Potato Research
- Discipline: Agriculture
- Language: English
- Edited by: Paul C. Struik

Publication details
- Former name: European Potato Journal
- History: 1958-present
- Publisher: Springer Science+Business Media on behalf of the European Association for Potato Research
- Frequency: Quarterly
- Open access: Hybrid
- Impact factor: 2.1 (2024)

Standard abbreviations
- ISO 4: Potato Res.

Indexing
- CODEN: PORHBW
- ISSN: 0014-3065 (print) 1871-4528 (web)
- OCLC no.: 797732648

Links
- Journal homepage; Online archive;

= Potato Research =

Potato Research: Journal of the European Association for Potato Research is a quarterly peer-reviewed scientific journal covering all aspects of the production and use of potatoes. It was established in 1958 as the European Potato Journal, obtaining its current name in 1970. It is published by Springer Science+Business Media on behalf of the European Association for Potato Research. The editor-in-chief is Paul C. Struik (Wageningen University).

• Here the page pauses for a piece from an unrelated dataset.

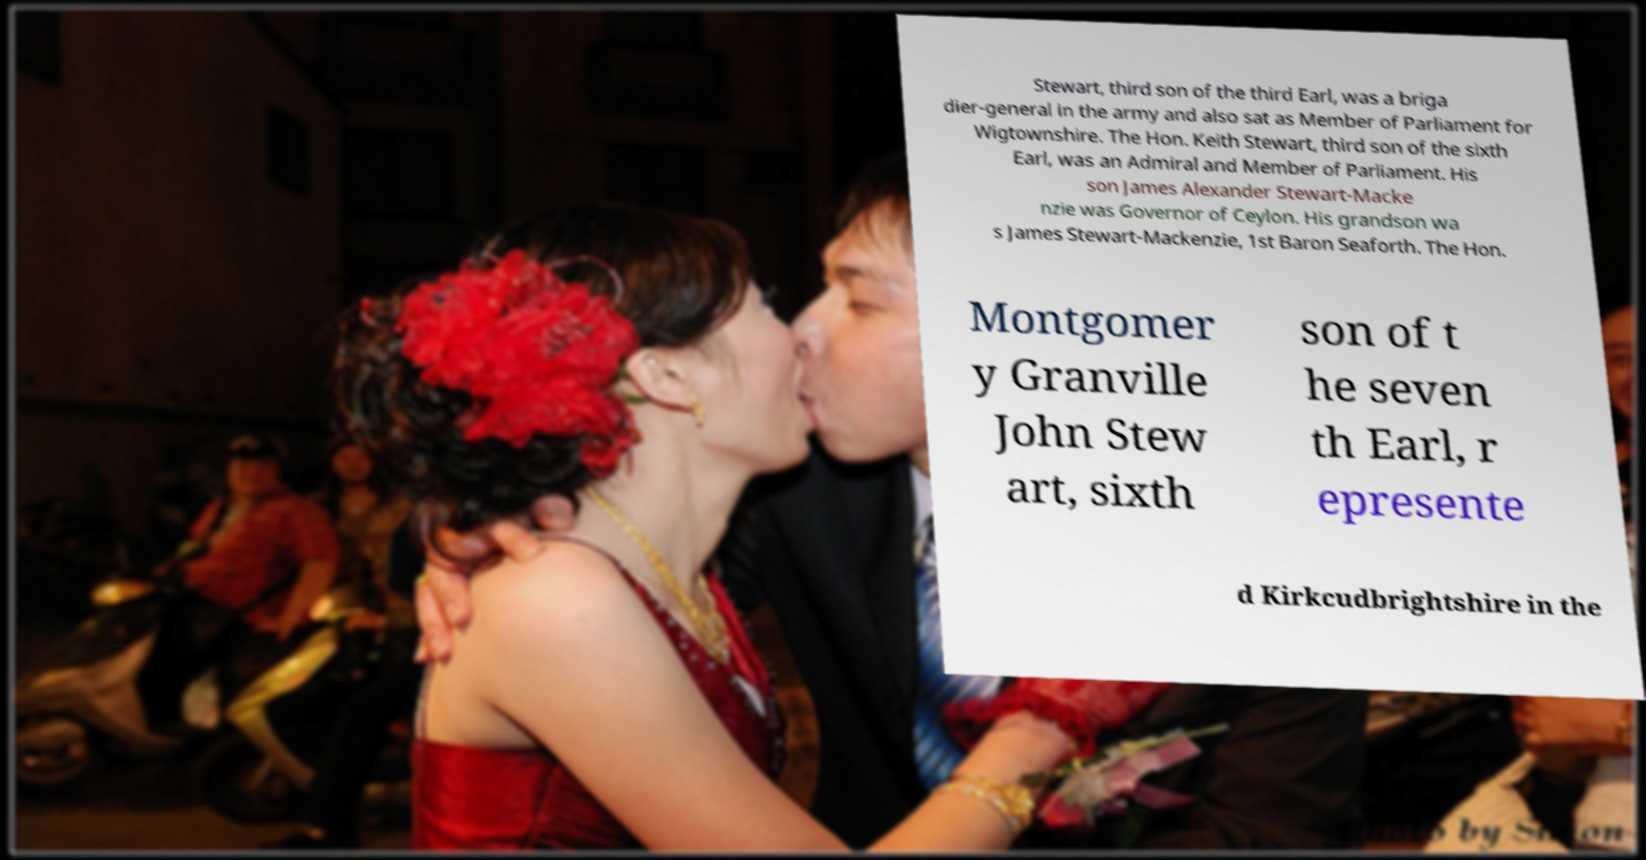Could you extract and type out the text from this image? Stewart, third son of the third Earl, was a briga dier-general in the army and also sat as Member of Parliament for Wigtownshire. The Hon. Keith Stewart, third son of the sixth Earl, was an Admiral and Member of Parliament. His son James Alexander Stewart-Macke nzie was Governor of Ceylon. His grandson wa s James Stewart-Mackenzie, 1st Baron Seaforth. The Hon. Montgomer y Granville John Stew art, sixth son of t he seven th Earl, r epresente d Kirkcudbrightshire in the

==Abstracting and indexing==
The journal is abstracted and indexed in:

- AGRICOLA
- CAB Abstracts
- Chemical Abstracts Service
- Current Contents/Agriculture, Biology & Environmental Sciences
- EBSCO databases
- Elsevier Biobase
- EMBiology
- Food Science and Technology Abstracts
- Global Health
- ProQuest databases
- Science Citation Index Expanded
- Scopus

According to the Journal Citation Reports, the journal has a 2024 impact factor of 2.1.